Many birds travel in flocks, sometimes migrating over thousands of miles. But how do the birds decide who will lead the way? Researchers at Oxford University, reporting in the journal Current Biology, can offer new insight based on studies in homing pigeons. For pigeons, it seems, leadership is largely a question of speed.

'This changes our understanding of how the flocks are structured and why flocks of this species have consistent leadership hierarchies,' says co-author Dr Dora Biro of the Department of Zoology at Oxford.

In the study, researchers compared pigeons' influence over flock direction to their solo flight characteristics – including speed. They found that faster birds showed a strong tendency to take the lead in flock flights, regardless of their navigational ability.

However, the researchers also found that leadership experience led to improved homing efficiency in the faster pigeons, with the slower pigeons paying less attention to the landscape below them as they attempted to keep up.

'Some birds are naturally faster and consistently get to the front, where they end up doing more of the navigation, which means on future flights they know the way better,' says Dr Biro. 'You can compare this to a "passenger-driver" type of effect – drivers in a car have to pay attention, while passengers are often unable to recall the route they were driven along, especially if they remained passive in the navigation process.'

In their experiment, which took place in Oxfordshire and involved 40 pigeons tagged with GPS devices, the researchers first released each bird individually and measured its speed and homing efficiency. They then released four flocks of 10 birds each and noted which birds took the lead. Finally, the researchers conducted a further round of solo flights to find out whether leadership experience had improved a bird's efficiency.

'Our results demonstrate a consequence of group movement that hasn't been documented before – that leaders learn more effectively than followers during collective travel,' says lead author Benjamin Pettit, who recently completed his DPhil in the Department of Zoology. 'Furthermore, a pigeon's degree of leadership correlated with the speed rather than the straightness of its preceding solo flight.
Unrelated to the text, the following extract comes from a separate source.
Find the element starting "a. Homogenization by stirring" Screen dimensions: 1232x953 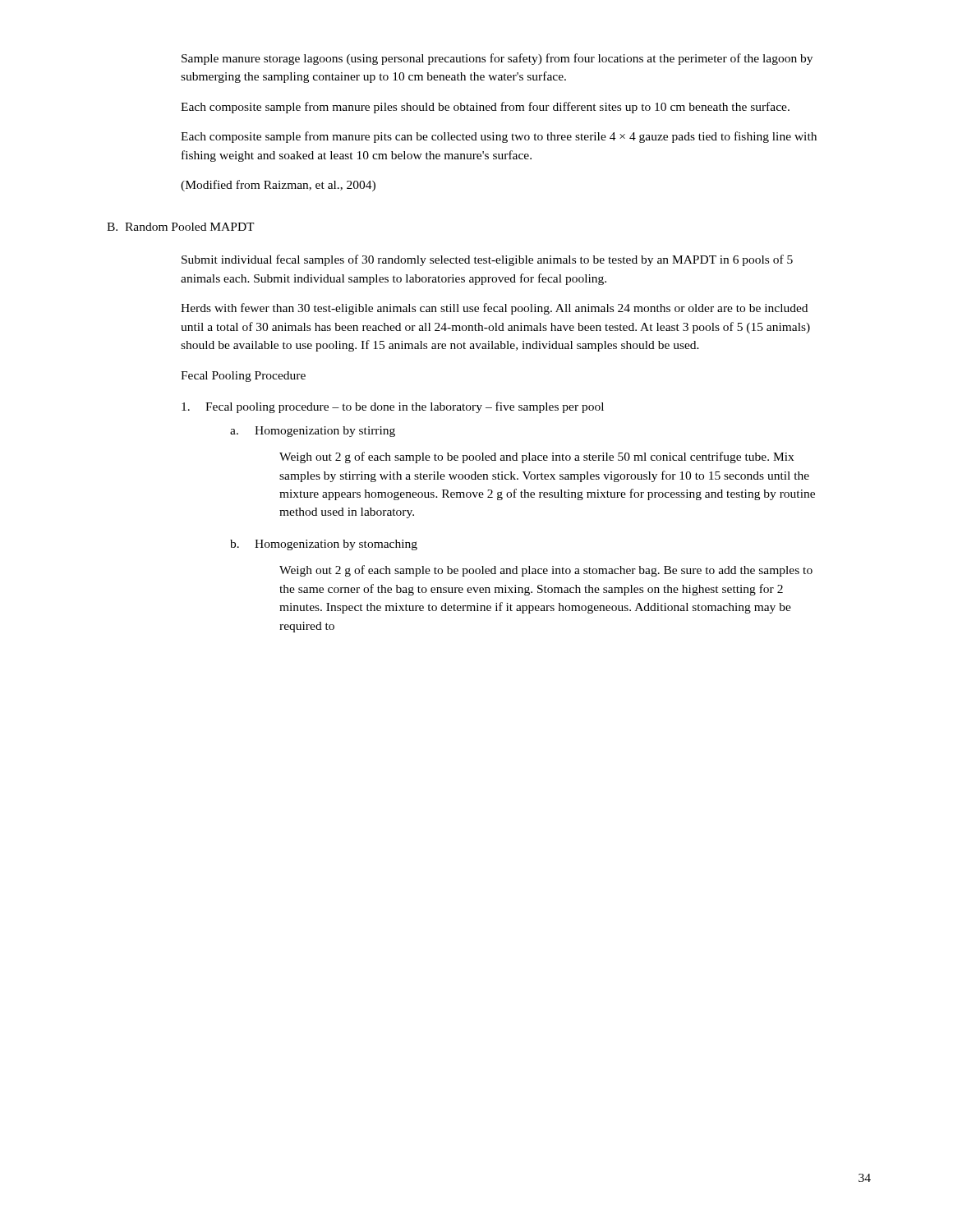click(x=313, y=430)
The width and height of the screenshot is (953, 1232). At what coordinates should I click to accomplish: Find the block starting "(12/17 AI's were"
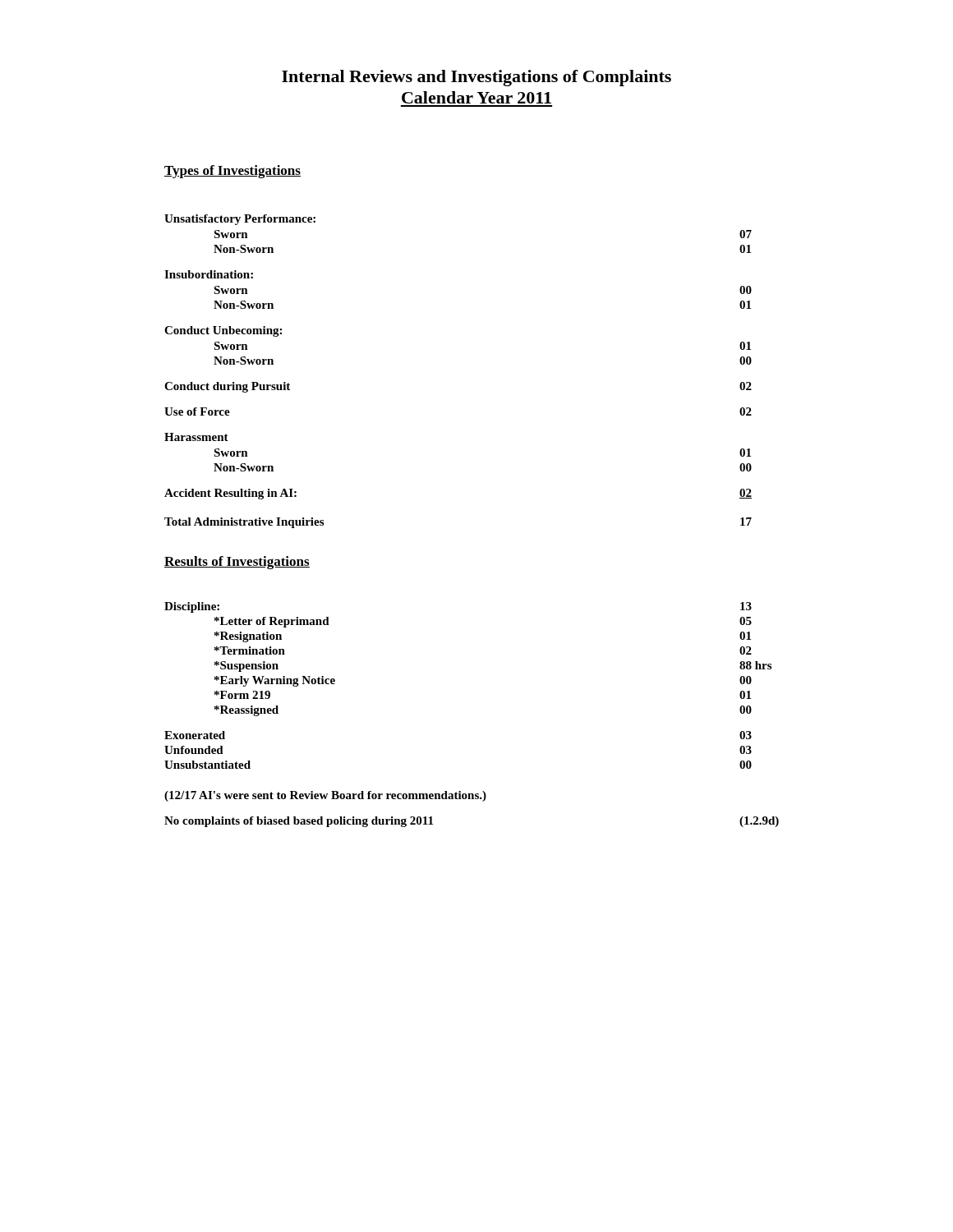click(325, 795)
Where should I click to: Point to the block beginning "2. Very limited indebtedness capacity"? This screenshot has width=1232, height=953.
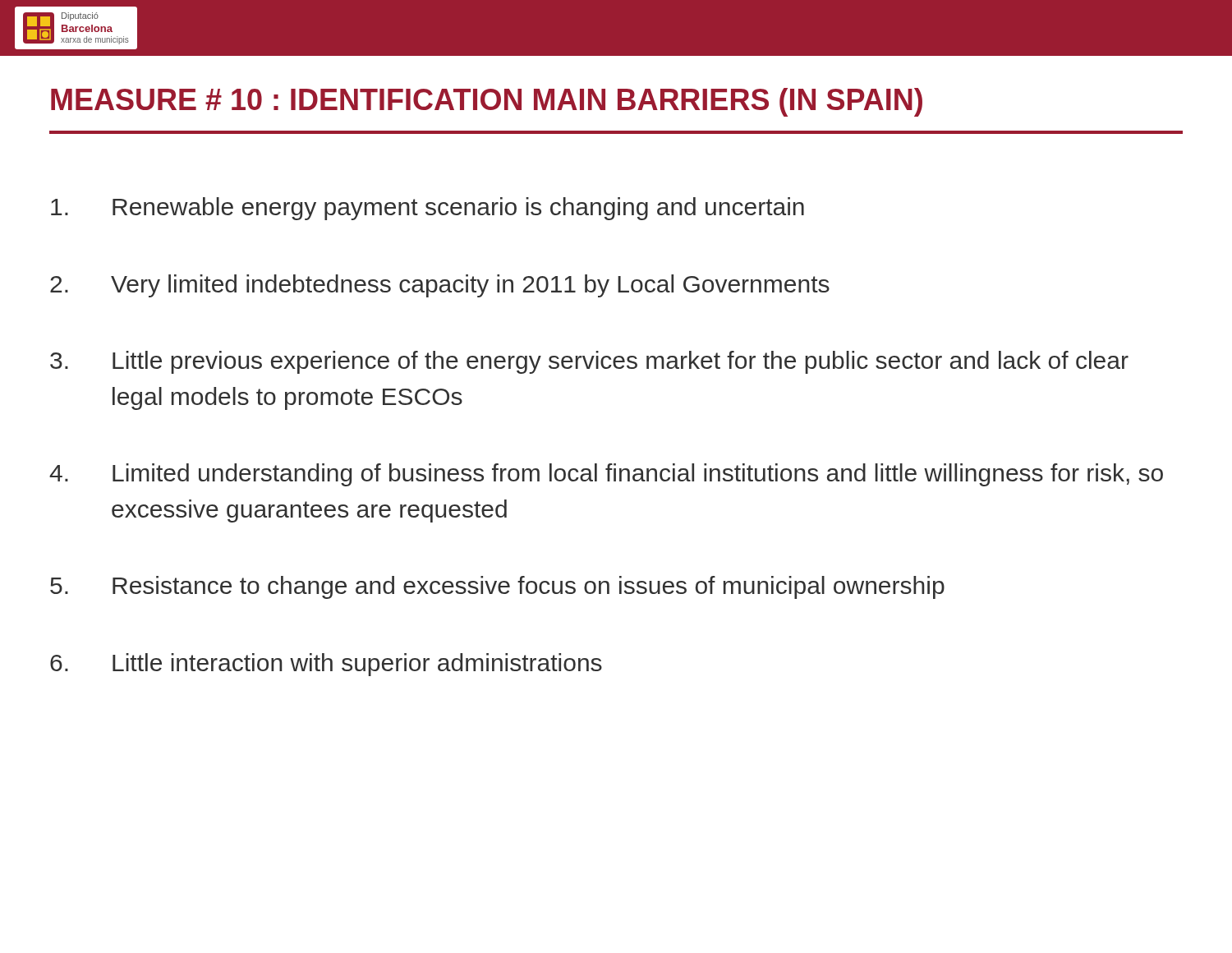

We therefore demonstrate that both leadership and learning during group flights can be predicted from inherent, consistent individual differences – in this case, speed.'

Previous studies have shown that flock leadership is unrelated to social dominance. Nor does giving followers extra training flights promote them to a position of leadership. The new findings offer a simple explanation for the phenomenon of leadership in birds, with important implications for how spatial knowledge is generated and retained in navigating flocks.

While many birds travel in flocks, homing pigeons are domestic and more easily studied than most. 'We can control the composition of the flocks and the starting points for their homeward journeys,' says Pettit. 'We also have a good understanding of their individual spatial cognition, in particular how their homing routes develop over repeated flights in the same area.'

Recent developments in sensor technology have made it possible to explore with precision how pigeon flocks are coordinated. The latest GPS loggers allowed the researchers to track not only the birds' overall routes, but also the sub-second time delays with which they react to each other while flying as a flock.

'Our findings broaden the range of species and situations in which we would expect to see leadership and explain how leadership and competence can naturally come to correlate,' says Pettit.

The study was also co-authored by Zsuzsa Ákos and Tamás Vicsek of Eötvös University, Hungary. The research was supported by the Royal Society, the Biotechnology and Biological Sciences Research Council, and the European Research Council.